Talvolta le fusioni possono permettere risparmi di costi , ad es. di costi connessi con la concorrenza,

per pubblicità e conquista di consumatori, costi per transazioni e contratti, risparmi non realizzabili con un’espansione interna. Esistono efficienze proprie delle fusioni, che non si possono realizzare con altri modi di crescita.

Il processo di crescita interno di un’impresa non è assoggettato al controllo dell’antitrust. Lo è,

invece, la crescita per fusione. Le normative antitrust fissano soglie di fatturato al di là delle quali le fusioni devono essere valutate ed autorizzate. A questo fine bisogna tener conto, oltre alla variazione delle quote di mercato, anche delle efficienze derivanti da fusioni.

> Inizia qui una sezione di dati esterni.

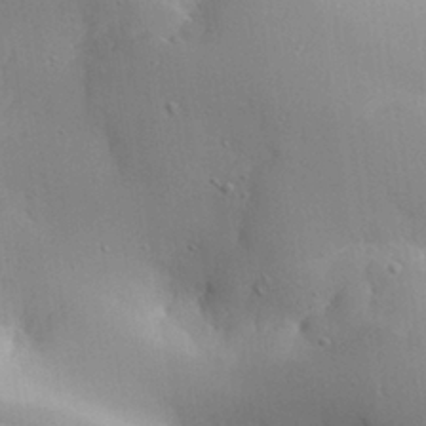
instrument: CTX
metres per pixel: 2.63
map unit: Aa
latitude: 27.3293
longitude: -129.4048
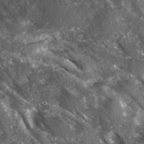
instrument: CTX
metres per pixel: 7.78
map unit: Ave
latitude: 15.2915
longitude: -131.6883
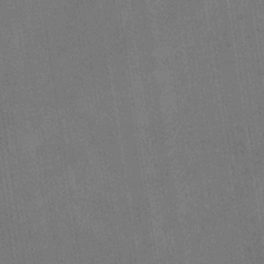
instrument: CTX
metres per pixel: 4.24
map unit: eHb
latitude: -34.7463
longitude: 73.8989
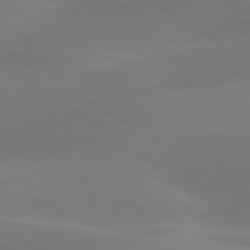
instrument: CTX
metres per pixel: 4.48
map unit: lApd
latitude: 79.9150
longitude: -90.7057
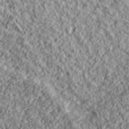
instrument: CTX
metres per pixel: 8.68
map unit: lHvf
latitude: 38.8947
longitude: -89.6505
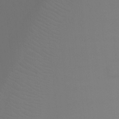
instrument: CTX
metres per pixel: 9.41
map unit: Ht
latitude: -7.8233
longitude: -28.8191
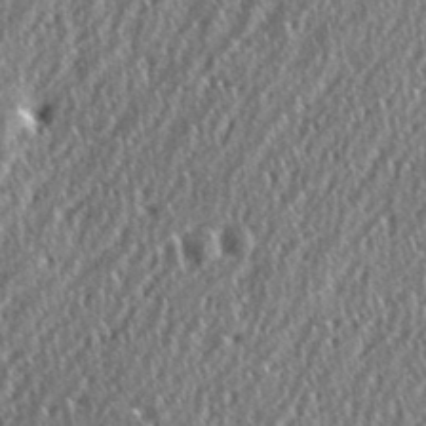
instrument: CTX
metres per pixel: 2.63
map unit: eHh
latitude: 35.8583
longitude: -132.3278

Le fusioni di piccole imprese possono accentuare la concorrenza. Anche se la concorrenza sul prezzo diminuisce in seguito ad una fusione questo effetto negativo può essere più che compensato da altri effetti positivi. Le efficienze delle fusioni sono conseguenti a sostanziali riduzioni di costi unitari per via di economie di scala e di sinergie derivanti da operazioni congiunte. Il beneficio essenziale di una fusione è l’incremento potenziale di efficienza che si può trasformare in riduzione dei prezzi per i consumatori, che si vengono a trovare in una situazione migliore. Non è necessario che le efficienze siano trasferite ai consumatori. Possono essere utilizzate dall’impresa risultante da fusione per rafforzare la propria struttura.

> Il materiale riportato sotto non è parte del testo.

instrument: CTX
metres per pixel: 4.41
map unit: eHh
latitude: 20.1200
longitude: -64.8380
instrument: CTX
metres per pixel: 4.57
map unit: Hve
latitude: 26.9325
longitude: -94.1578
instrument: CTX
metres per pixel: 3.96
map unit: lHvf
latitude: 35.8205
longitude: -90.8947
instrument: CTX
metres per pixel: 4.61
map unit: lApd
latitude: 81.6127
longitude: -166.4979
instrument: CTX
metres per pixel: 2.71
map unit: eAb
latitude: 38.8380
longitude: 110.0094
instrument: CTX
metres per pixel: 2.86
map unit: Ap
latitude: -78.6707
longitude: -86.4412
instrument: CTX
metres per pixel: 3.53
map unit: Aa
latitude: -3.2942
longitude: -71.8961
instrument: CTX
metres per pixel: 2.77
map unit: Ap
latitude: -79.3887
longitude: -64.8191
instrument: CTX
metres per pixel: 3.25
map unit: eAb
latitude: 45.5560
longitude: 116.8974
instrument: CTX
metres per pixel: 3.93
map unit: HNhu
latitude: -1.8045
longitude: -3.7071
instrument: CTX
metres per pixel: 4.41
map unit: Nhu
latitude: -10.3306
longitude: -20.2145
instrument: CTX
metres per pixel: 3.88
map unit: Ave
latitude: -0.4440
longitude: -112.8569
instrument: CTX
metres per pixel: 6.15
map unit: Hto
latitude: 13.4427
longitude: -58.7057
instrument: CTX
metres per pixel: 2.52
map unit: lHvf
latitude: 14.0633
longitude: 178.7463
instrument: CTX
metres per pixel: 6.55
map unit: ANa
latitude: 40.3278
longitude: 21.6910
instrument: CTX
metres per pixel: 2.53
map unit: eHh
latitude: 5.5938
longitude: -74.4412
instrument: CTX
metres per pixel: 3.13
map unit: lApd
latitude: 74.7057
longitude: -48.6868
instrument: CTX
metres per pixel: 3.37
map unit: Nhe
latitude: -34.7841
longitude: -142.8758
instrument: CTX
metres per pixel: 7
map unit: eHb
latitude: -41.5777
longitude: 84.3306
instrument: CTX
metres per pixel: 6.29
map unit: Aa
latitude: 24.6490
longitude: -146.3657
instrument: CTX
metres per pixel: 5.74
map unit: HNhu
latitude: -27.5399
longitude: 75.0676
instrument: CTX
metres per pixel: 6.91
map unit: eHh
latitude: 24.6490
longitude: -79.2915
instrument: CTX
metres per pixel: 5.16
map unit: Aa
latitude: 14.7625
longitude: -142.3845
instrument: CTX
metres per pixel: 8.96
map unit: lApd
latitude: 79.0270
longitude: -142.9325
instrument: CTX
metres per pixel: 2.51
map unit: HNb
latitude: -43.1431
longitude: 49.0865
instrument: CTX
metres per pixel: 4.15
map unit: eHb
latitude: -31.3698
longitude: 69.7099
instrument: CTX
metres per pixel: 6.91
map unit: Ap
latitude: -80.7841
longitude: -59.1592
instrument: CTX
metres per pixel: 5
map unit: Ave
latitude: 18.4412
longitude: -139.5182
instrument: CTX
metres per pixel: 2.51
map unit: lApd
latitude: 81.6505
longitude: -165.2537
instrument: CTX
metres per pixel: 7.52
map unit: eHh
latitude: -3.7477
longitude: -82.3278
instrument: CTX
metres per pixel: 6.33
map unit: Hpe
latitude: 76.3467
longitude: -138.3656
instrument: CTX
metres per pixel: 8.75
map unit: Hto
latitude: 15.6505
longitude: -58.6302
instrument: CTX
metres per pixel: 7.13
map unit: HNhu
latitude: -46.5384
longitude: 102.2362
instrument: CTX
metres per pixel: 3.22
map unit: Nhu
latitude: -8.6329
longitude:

Impedire la fusione tra imprese può causare la scomparsa per fallimento di un’impresa che si

sarebbe trasformata con la fusione e quindi vi sarebbero egualmente effetti di concentrazione nel mercato.

La corretta misura delle efficienze e delle inefficienze non è alla portata del legislatore né di

un’authority. L’antitrust sarebbe tenuta a guardare al futuro e ad effettuare una valutazione probabilistica degli effetti di una fusione o di certe politiche di prezzo o di vendite. L’idea che si è affermata è che si dovrebbe massimizzare la probabilità di realizzare efficienze da parte dell’impresa e contemporaneamente minimizzare il rischio di danno al consumatore.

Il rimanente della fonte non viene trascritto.